New Housing Stock Needed To Help FTBs Afford Somewhere To Live

The requirement for new build houses in Hull and other parts of the country is at an all-time high, as first-time buyers (FTBs) are still struggling to get on the property ladder, increasing the demand for new affordable housing stock in the UK.

According to The Institute of Fiscal Studies (IFS), 40 per cent of young adults were able to borrow enough money to buy cheap local homes in 2016.

This is compared to 90 per cent of 25 to 34-year-olds in 1996 who could purchase a nearby house as long as they had a ten per cent deposit and were able to borrow four and a half times their salary.

One of the main barriers for homebuyers is the huge increase in property prices over the last 20 years. They have risen by 173 per cent since 1997, whereas income growth has only been 19 per cent during the same period.

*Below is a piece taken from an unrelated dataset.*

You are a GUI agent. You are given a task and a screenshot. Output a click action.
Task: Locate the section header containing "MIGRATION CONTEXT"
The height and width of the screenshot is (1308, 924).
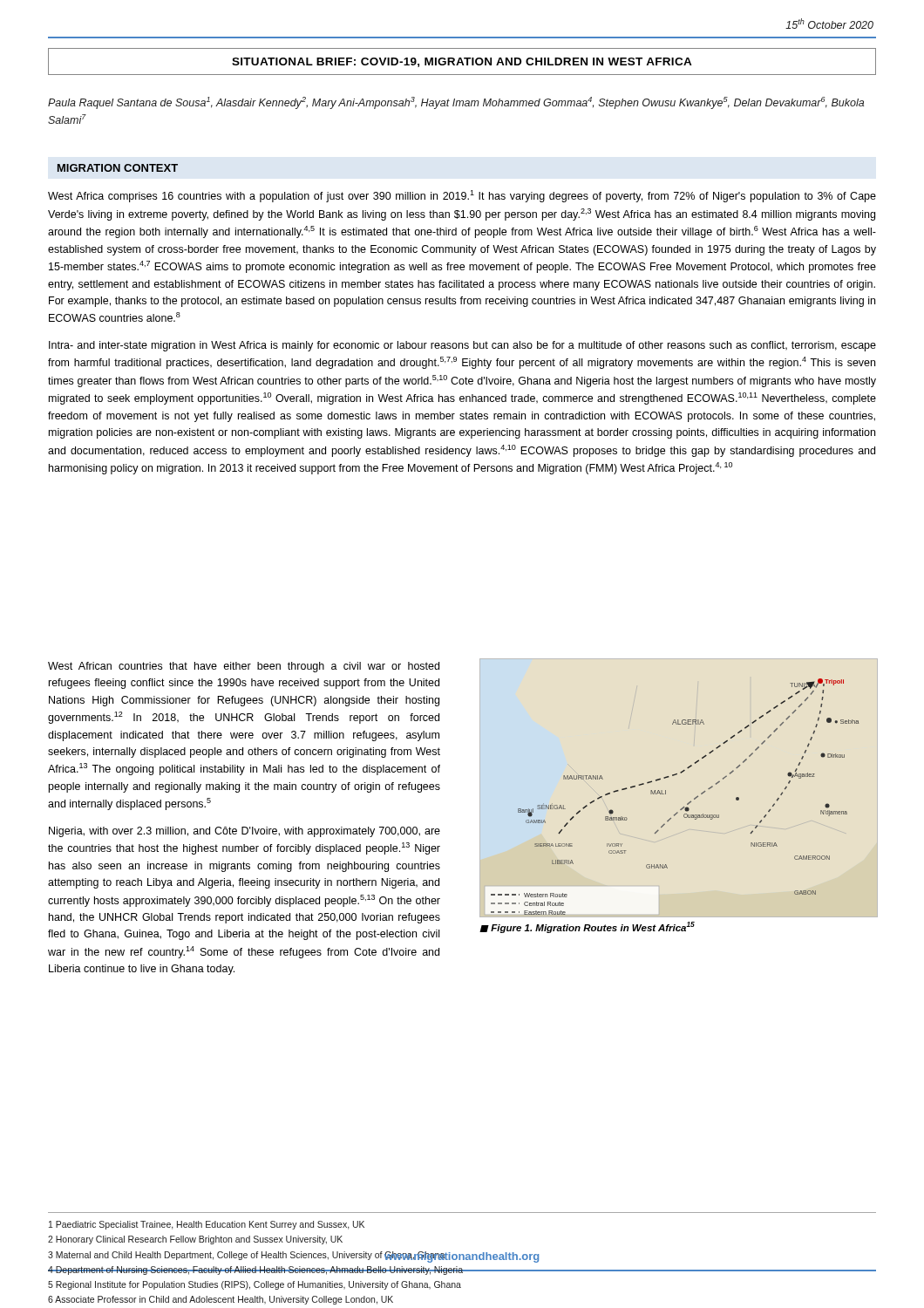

As a result of this, people have found it incredibly difficult to save for a deposit, with half of 25 to 34-year-olds having to put aside more than six months of their post-tax income to achieve a ten per cent down-payment for the cheapest home in their local area.

Unsurprisingly, therefore, the proportion of young adults who own a property declined from 55 per cent to 35 per cent.

Research economist at IFS and co-author of the research Polly Simpson said: “Big increases in house prices compared to incomes over the last two decades mean that it is increasingly difficult for young adults to get on the housing ladder, even if they do manage to save a ten per cent deposit.”

London is the most expensive place in the country to get on the housing ladder, with prices nearly double the national average.

According to the Land Registry’s House Price Index for June 2018, typical homes in the UK cost £245,076. However, in the capital, this figure rose to £276,752, despite being one of the few areas in the UK where values fell over the previous month.

While property prices in the city are slowly declining, London, along with the south-east and east of England, is the only place with average real house prices higher than they were before the financial crisis. In fact, prices have risen by as much as 30 per cent in the capital since 2007.

Despite this, FTBs here do not have significantly higher incomes than the rest of the UK, and 95 per cent of young adults need to save their salaries for at least half a year to raise a ten per cent deposit.

Interestingly, planning restrictions are tightest in London, preventing new houses being built despite the huge demand for more affordable homes.

Senior research economist at IFS and co-author of the report Jonathan Cribb added: “It is unsurprising that these areas have also experienced the biggest house price increases.”

He stated: “Increasing the responsiveness of construction to house prices is a necessary part of the solution, particularly in these areas… This would both help reduce house prices, boost homeownership and reduce rents.”

Therefore, the only way to help FTBs achieve their dream of home ownership is to build more properties and make homes in the UK, particularly in London and the south, more affordable for the greater public.